No man was better or more favorably known, and no one man was more highly esteemed, beloved, trusted and appreciated than was James C. Horton. In business pursuites he was teh acme of honesty; in private life a man of the highest type of morality and noble and edifying things and thought. In church affairs he was active and sincere, and as senior warden for years of Grace Episcopal Church he contributed largely to its support and prosperity; in politics he was an unflinching Republican, and while standing for its principals he never permitted himself to be led about by venal politicians or to waver from what he considered to be right and to be to the best interests of the people; he was a fast and consistent friend, lovable in disposition and character; liberal and unselfish, he devoted the better part of his life and savings to lighten the burden of the poor, unfortunate and oppressed, and thousands there are who can lend testimony to his goodness of heart and liberality of purse.

James C. Horton died a widower, his wife having passed away in 1901, and her body laid tenderly away in the cemetery at Lawrence, Kas. Although born in the East at Ballston Spa, New York state, Mr. Horton might be properly referred to as a Western man, born and bred, for he had been a resident of the West since 1857, and was a prominent and active figure in its growth and development. Int that year he located in Lawrence, Kas., as the agent of an express company. Young, vigorous and ambitious, he took a prominent part in many of the affairs of Kansas that have now become history. He filled county offices of trust with credit to himself and the satisfaction of his constituency, and was a state senator for one or two terms.

While a resident of Lawrence he married Mrs. Robinson, a widow, and in 1878, Mr. Horton came to Kansas City and became associated with the drug firm of Woodwward, Faxon & Co. In 1897 the firm name was changed to Faxon, Horton & Gallagher. February 3, 1906, Mr. Horton retired from business pursuits to pass his declining years in rest, free from mercantile burdens. He lived with his neice, Mrs. Jacques, wife of W. R. Jacques, at the Horton homestead, 1432 West Prospect, from where the funeral will be conducted.

No children were born to Mr. and Mrs. Horton. The body will be temporarily held at Stine's undertaking rooms awaiting funeral arrangements.

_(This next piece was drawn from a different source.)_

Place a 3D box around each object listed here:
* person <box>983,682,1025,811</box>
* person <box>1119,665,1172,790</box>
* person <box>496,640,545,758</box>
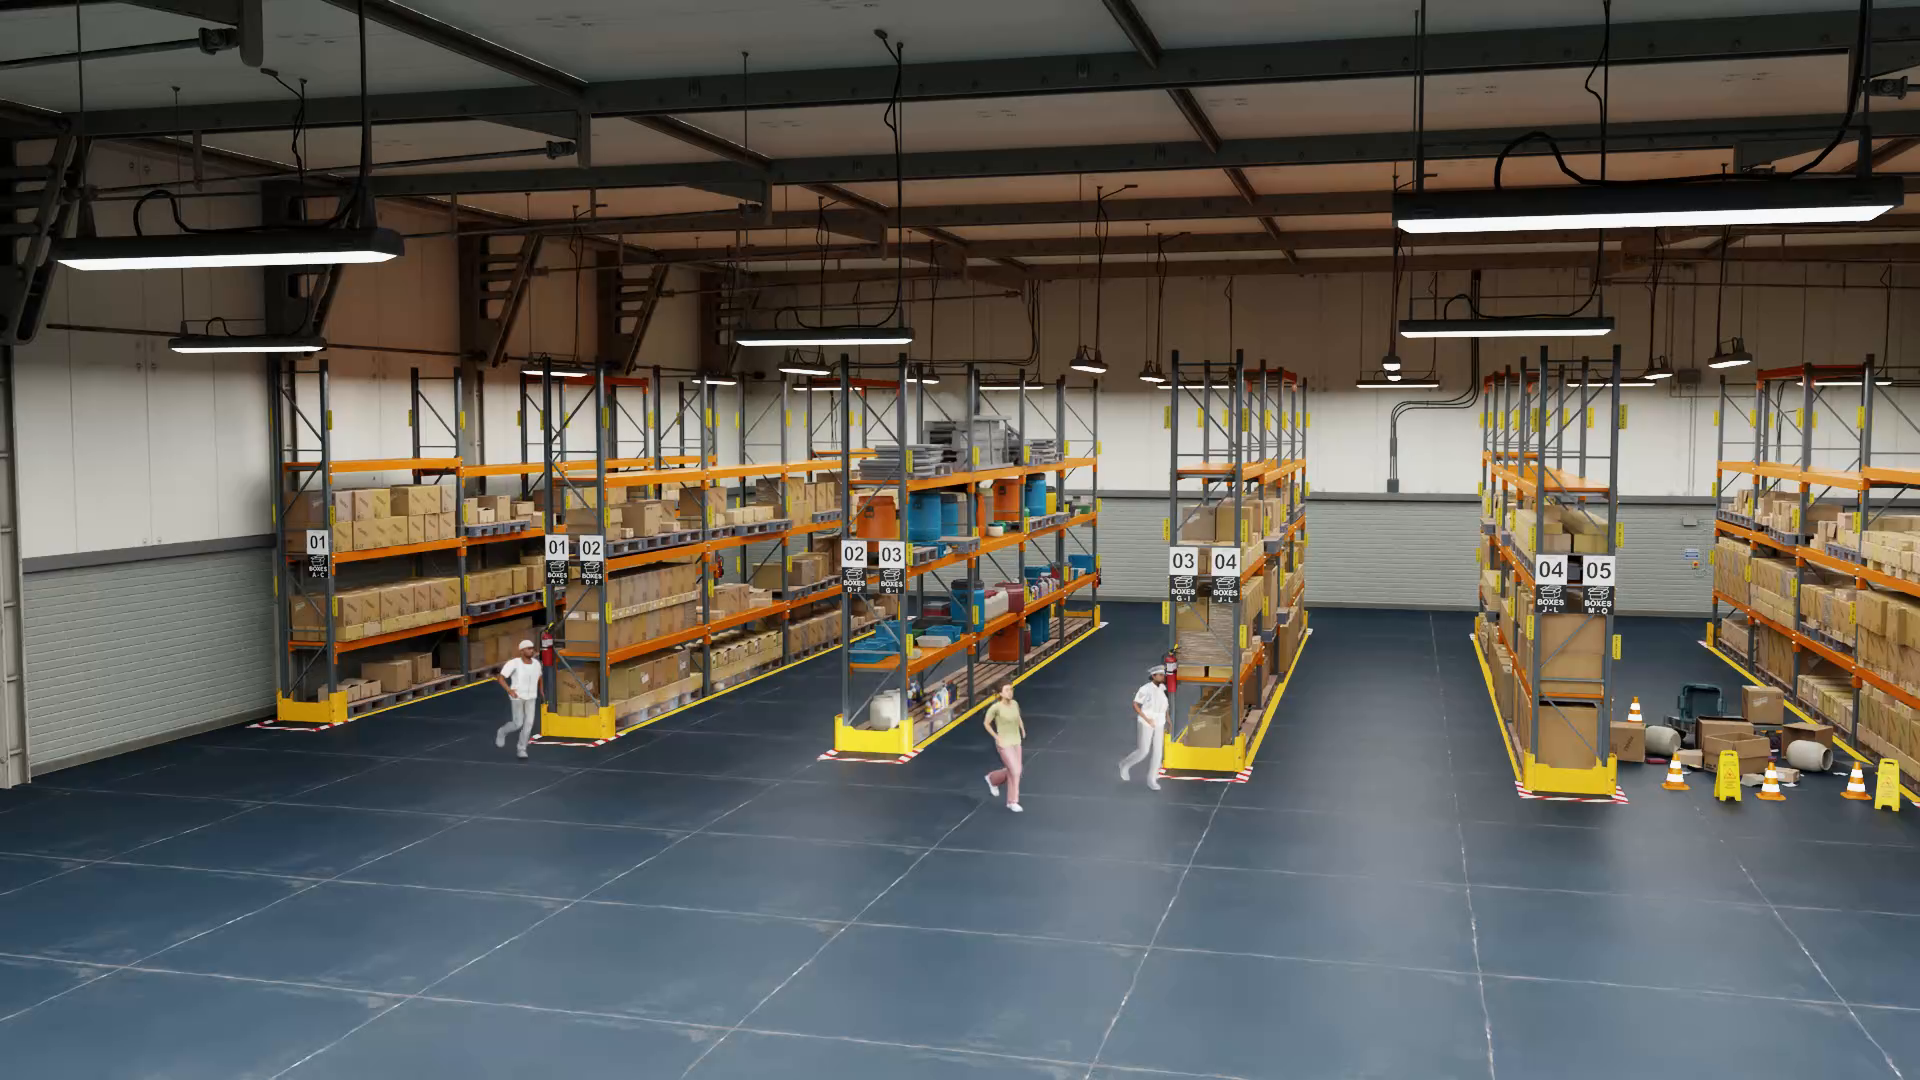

During his residence in Kansas City Mr. Horton was always active in Republican politics, and his last notable fight was the one he put up in advocacy of the nomination of J. J. Davenport for mayor at the last municipal election. Mr. Horton was the unrelenting foe of ballot box stuffers and crooks, and in 1894 when a number of Kansas City men were prosecuting ballot box stuffers and he was short on funds he contributed out of his own pocket $786.50. Later his admiring friends got up a popular subscription, and insisted upon him being reimbursed against his own expressed wishes that it not be done. Although continually solicited by party leaders here to accept political office, he steadfastly declined, and a year ago when an attempt was made to elect him to a seat in the upper house of the council his remonstrance was so pronounced and determined that his name was withdrawn.